— EXERCISE DIRECTIONS —
Only certain lines below are wanted: those starting at the line containing "text Clears everything" and ending at the line containing "text Run 6502", both included, each retyped exactly.

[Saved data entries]
|---|

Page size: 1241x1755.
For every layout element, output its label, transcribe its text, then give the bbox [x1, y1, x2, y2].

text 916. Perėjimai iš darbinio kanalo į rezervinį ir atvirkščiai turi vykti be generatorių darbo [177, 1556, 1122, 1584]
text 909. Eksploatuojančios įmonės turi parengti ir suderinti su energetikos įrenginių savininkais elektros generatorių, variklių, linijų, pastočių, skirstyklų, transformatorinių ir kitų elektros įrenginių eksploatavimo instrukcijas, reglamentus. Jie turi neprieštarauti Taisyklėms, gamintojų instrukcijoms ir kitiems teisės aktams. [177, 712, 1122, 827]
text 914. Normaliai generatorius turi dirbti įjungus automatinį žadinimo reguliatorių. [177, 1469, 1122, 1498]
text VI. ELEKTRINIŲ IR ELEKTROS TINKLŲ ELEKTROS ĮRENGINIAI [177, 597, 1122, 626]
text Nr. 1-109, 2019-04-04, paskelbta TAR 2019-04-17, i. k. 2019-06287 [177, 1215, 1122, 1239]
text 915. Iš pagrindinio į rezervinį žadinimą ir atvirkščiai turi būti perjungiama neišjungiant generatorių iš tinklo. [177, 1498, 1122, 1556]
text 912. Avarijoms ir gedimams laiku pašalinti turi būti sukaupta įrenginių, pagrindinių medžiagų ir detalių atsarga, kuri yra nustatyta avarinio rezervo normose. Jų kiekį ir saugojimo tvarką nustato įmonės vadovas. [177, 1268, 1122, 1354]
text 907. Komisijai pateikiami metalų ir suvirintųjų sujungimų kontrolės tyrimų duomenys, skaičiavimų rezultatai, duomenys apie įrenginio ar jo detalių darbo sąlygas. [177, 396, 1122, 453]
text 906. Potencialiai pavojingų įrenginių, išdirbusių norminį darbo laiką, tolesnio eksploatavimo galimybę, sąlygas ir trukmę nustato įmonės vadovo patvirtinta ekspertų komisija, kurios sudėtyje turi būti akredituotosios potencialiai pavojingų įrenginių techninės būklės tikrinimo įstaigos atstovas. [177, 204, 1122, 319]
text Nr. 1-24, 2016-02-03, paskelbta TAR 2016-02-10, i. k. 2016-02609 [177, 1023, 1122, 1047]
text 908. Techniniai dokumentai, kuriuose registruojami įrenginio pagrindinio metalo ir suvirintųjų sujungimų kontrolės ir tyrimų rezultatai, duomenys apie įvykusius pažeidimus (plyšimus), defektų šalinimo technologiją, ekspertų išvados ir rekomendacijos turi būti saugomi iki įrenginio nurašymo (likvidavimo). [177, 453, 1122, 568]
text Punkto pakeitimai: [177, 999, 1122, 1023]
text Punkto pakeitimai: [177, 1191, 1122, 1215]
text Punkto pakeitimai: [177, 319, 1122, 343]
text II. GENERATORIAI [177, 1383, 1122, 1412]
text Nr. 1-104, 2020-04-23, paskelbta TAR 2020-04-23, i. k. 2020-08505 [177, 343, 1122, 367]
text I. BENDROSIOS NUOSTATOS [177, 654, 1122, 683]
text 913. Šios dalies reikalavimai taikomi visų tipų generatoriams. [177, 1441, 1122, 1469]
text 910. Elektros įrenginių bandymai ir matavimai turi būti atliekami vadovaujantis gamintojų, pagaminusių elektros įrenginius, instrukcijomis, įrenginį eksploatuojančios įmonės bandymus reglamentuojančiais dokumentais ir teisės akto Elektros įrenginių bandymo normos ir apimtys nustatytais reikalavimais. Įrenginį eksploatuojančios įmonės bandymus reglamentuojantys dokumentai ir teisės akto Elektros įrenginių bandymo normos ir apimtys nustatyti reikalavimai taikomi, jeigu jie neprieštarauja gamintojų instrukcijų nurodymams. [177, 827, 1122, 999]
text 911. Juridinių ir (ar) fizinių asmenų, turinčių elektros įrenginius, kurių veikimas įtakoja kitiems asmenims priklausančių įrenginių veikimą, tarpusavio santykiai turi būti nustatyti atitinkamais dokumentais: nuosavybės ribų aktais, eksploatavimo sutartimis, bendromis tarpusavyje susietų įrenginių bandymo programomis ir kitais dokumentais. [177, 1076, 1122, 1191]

|---|

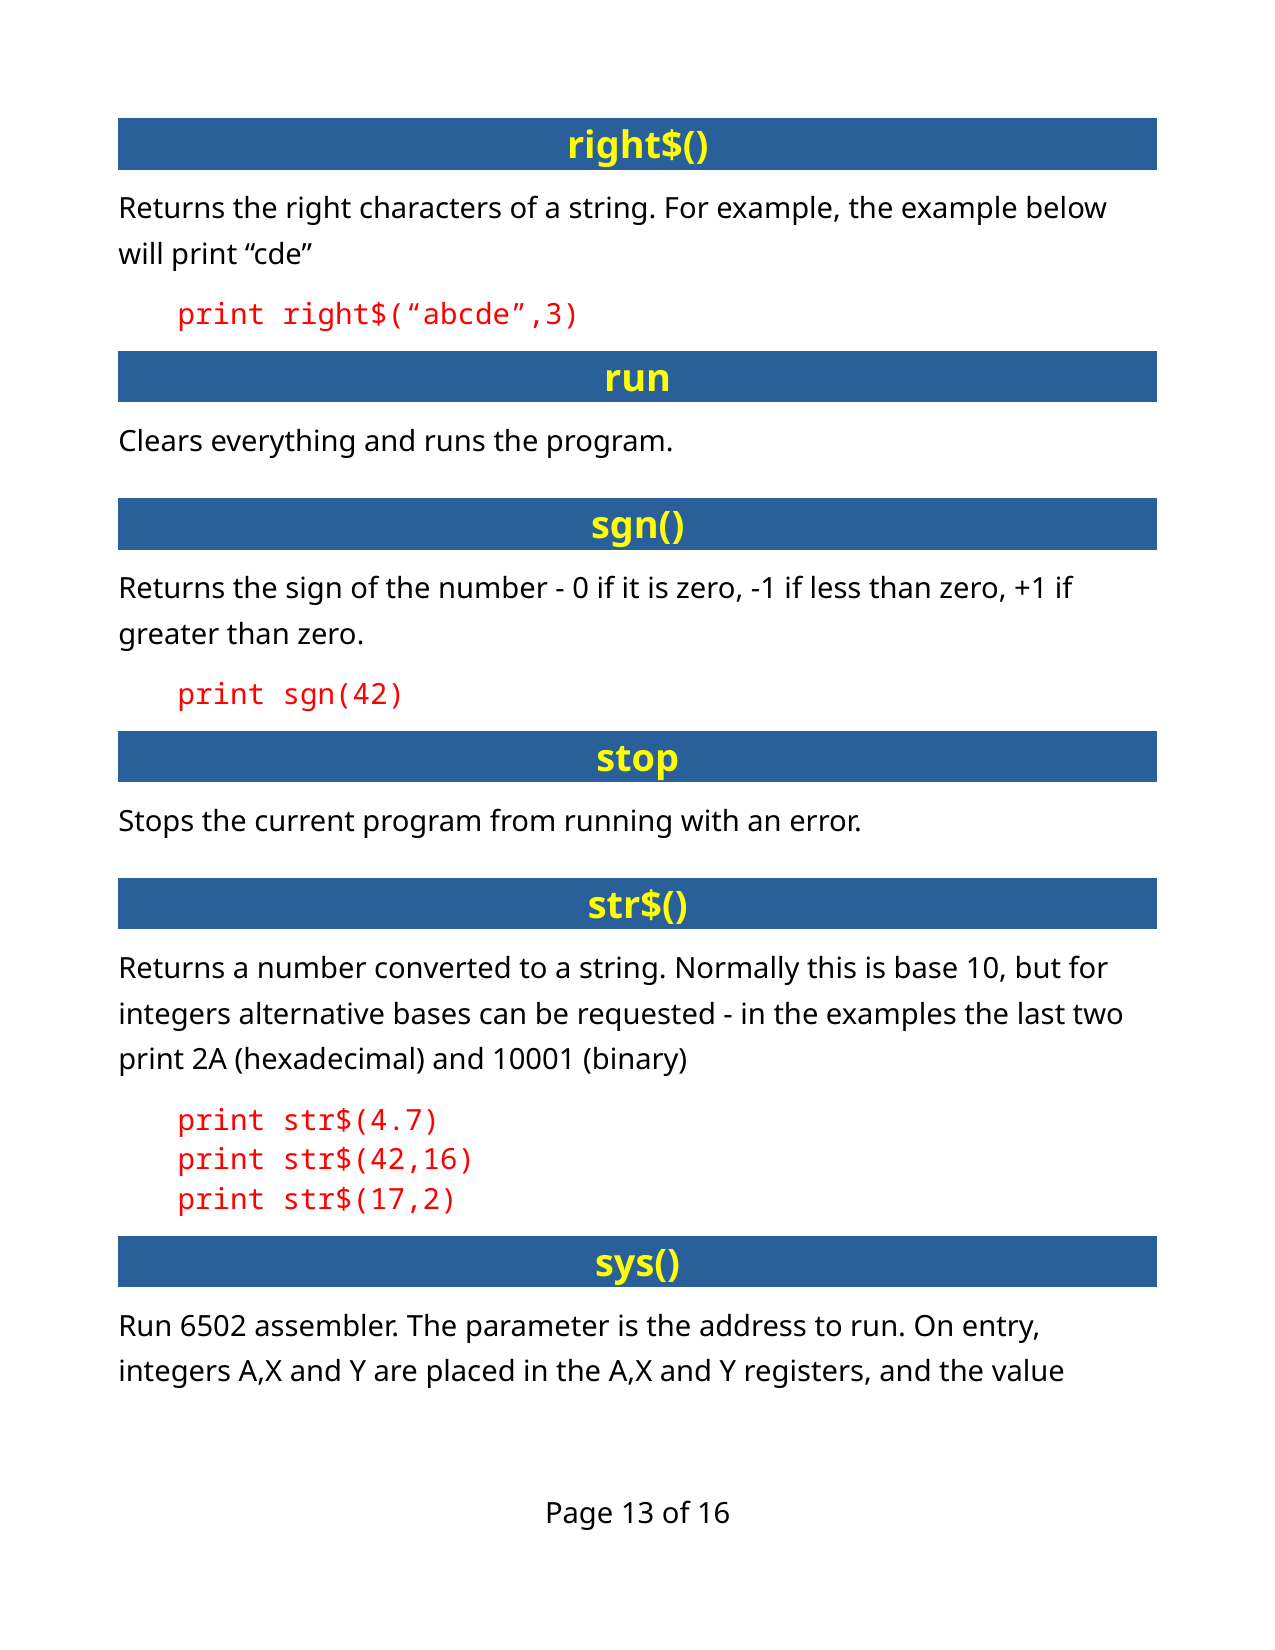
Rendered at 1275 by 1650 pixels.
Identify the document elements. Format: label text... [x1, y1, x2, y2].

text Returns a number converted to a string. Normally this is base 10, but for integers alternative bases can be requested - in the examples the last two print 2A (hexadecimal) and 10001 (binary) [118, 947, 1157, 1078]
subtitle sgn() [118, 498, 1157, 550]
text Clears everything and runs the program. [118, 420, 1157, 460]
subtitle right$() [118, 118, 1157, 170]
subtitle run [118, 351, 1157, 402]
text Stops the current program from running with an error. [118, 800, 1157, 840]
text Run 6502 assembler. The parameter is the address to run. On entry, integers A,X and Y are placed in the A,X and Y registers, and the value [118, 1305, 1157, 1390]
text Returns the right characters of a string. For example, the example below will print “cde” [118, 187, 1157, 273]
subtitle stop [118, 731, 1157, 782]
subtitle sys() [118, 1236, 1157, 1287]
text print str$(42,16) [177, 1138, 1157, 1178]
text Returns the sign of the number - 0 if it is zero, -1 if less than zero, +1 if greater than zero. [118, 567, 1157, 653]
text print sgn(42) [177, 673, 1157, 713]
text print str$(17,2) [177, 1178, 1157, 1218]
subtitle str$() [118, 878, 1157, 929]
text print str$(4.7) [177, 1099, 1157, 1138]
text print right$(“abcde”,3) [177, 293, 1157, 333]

|---|

— PROBLEM SOLUTION —
text Clears everything and runs the program. [118, 420, 1157, 460]
subtitle right$() [118, 118, 1157, 170]
subtitle run [118, 351, 1157, 402]
text Stops the current program from running with an error. [118, 800, 1157, 840]
text Run 6502 assembler. The parameter is the address to run. On entry, integers A,X and Y are placed in the A,X and Y registers, and the value [118, 1305, 1157, 1390]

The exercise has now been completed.